O que houve no Rio foi a mudança súbita de orientação durante o governo de Claudio Castro, em agosto de 2023, depois da morte do menino Thiago Flausino, de 13 anos, na Cidade de Deus, resultante de pressões combinadas do Supremo Tribunal Federal e do governo federal, incluindo a negociação da dívida do estado. A redução já vinha ocorrendo em função da ADPF das Favelas e sua sustentação em 2024 possivelmente foi influenciada também pela expansão do uso de câmeras corporais inclusive nos batalhões chamados “operacionais” (Bope, Choque etc.), conforme determinado pelo STF.

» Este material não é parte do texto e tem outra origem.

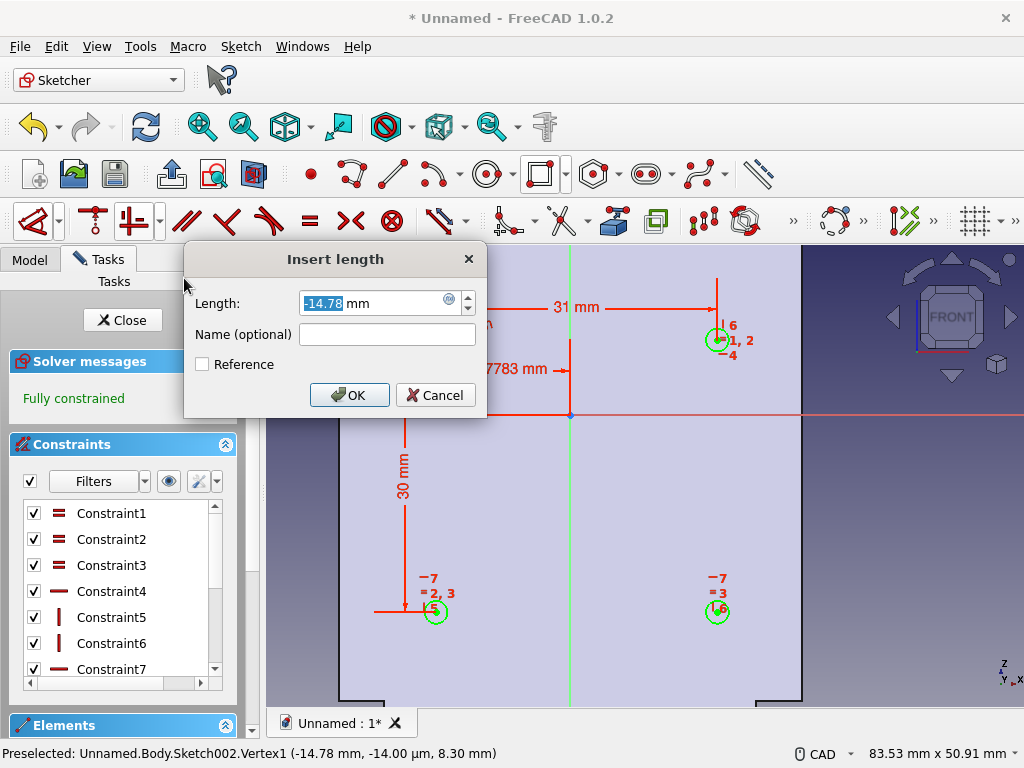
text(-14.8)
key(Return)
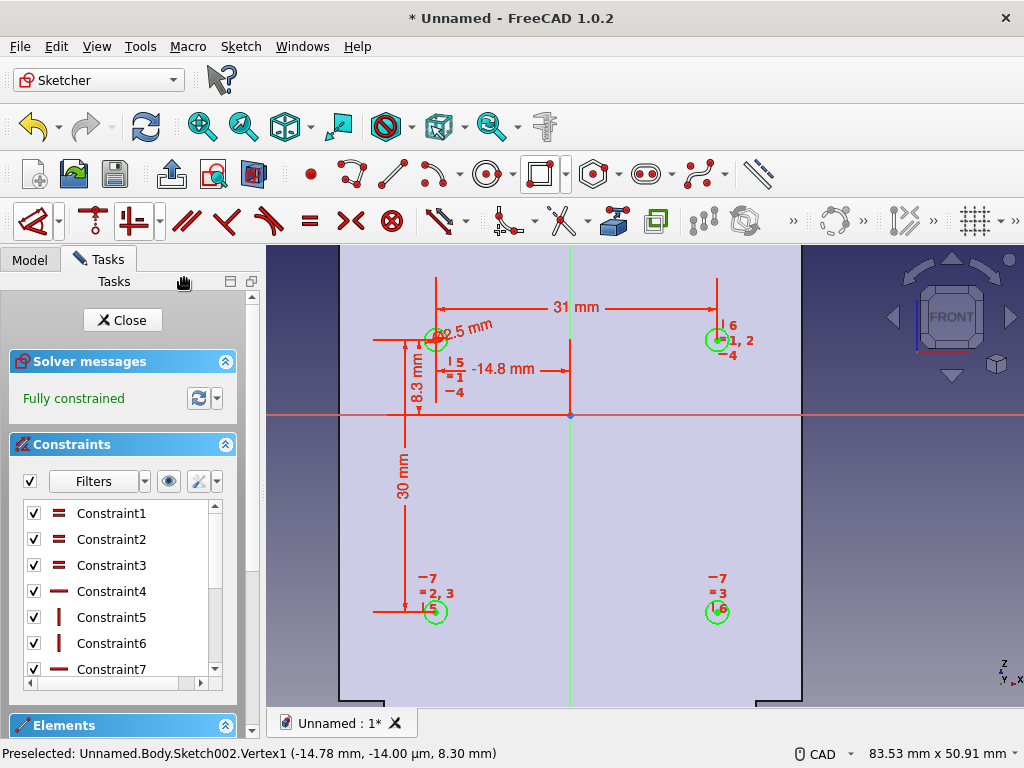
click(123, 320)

O paradoxo no fenômeno de redução geral da letalidade no RJ é que as mortes violentas diminuíram, mas isso não significa que a violência tenha se reduzido. O poderio dos grupos armados no estado só fez aumentar, acentuando uma tendência que vem de mais de uma década. A redução recorde da letalidade no estado não resultou até aqui em alívio de violência para os moradores das vastas regiões dominadas por grupos armados. Facções do tráfico e grupos de milícias vêm mantendo e inclusive expandindo seus domínios, segundo monitoramentos de organizações como Fogo Cruzado, Geni/UFF e Rede de Observatórios da Segurança e matérias jornalísticas diárias.
Tudo indica que os métodos que o governo do estado vem adotando há décadas – muito confronto, operação e tiroteio e pouca inteligência – representem uma estratégia errada de enfrentar o problema. Isso significa que a redução dos índices de letalidade violenta não corresponde a um aumento da segurança para as populações das favelas e periferias, inclusive do interior fluminense.
Crimes contra o patrimônio em alta
Em 2024 assistimos ao súbito crescimento de crimes patrimoniais, com aumento de 39% de roubos de veículos e 17% de roubos de rua.
As respostas tardias do governo estadual se concentraram em operações de repressão em operações de rua. Mas roubos se relacionam a cadeias articuladas desde a subtração do bem, passando por intermediários, até sua comercialização ou venda na ponta final. Ações repressivas nas ruas são pouco eficazes para desarticular esses esquemas.
O elo forte dessas cadeias são empresários do crime que mobilizam enormes somas de dinheiro, o que exige trabalho de inteligência e desarticulação de esquemas complexos.
Um ponto de destaque no Rio de Janeiro é que o aumento de todas as modalidades clássicas de crime patrimonial (na rua, em coletivos, de veículos e cargas) vem convivendo com o aumento de crimes virtuais (houve 144.117 estelionatos, o que significa crescimento de 19,9% em relação ao ano anterior).
O Rio de Janeiro é um ponto fora da curva, considerando que, em vários estados, os crimes virtuais estão substituindo as modalidades tradicionais. No RJ, tudo cresceu em 2024. Esses crimes impactam fortemente a sensação de segurança da população. Roubos de celular, motos, carros ou relógios atingem milhares. Além disso, é brutal a diferença de incidência desses crimes quando se comparam as áreas abastadas às pobres da cidade. Um exemplo: foram registrados roubos de 3.247 na Pavuna e 19 em Copacabana.
As populações mais pobres são as mais afetadas pelos roubos e furtos. Os crimes patrimoniais descontrolados, como observamos no Rio de Janeiro em 2024, são o combustível mais explosivo para alimentar sentimentos de revolta, vingança e apoio a políticas de endurecimento policial e penal.
Letalidade diminui e desaparecidos aumentam
O registro de desaparecimentos atingiu um patamar inédito em 2024, ultrapassando os 6 mil; é o maior registro desde 2015. A categoria geral “desaparecidos” abarca desde homicídio com ocultação de cadáver, rapto, sequestro, tráfico humano, até idosos com Alzheimer, portadores de doenças mentais, crianças que se perdem nas ruas, adultos deliberadamente desaparecidos ou ainda fuga de crianças e adolescentes devido a conflitos familiares. É um fenômeno multifatorial que requer estudos, identificação de dinâmicas e políticas públicas igualmente especializadas.
O aumento inexplicável dos desaparecimentos sem que o governo apresente uma única ponderação sobre a existência ou não de correlação com a redução da letalidade violenta é chocante. O governo do estado deve um estudo sobre o que está atrás desses números tão altos: categorias, perfil das vítimas (sexo, idade, local de moradia, tempo de desaparecimento etc.) e correlação entre registros de desaparecidos e pessoas encontradas. O ISP deve um dossiê ao Rio e ao Brasil.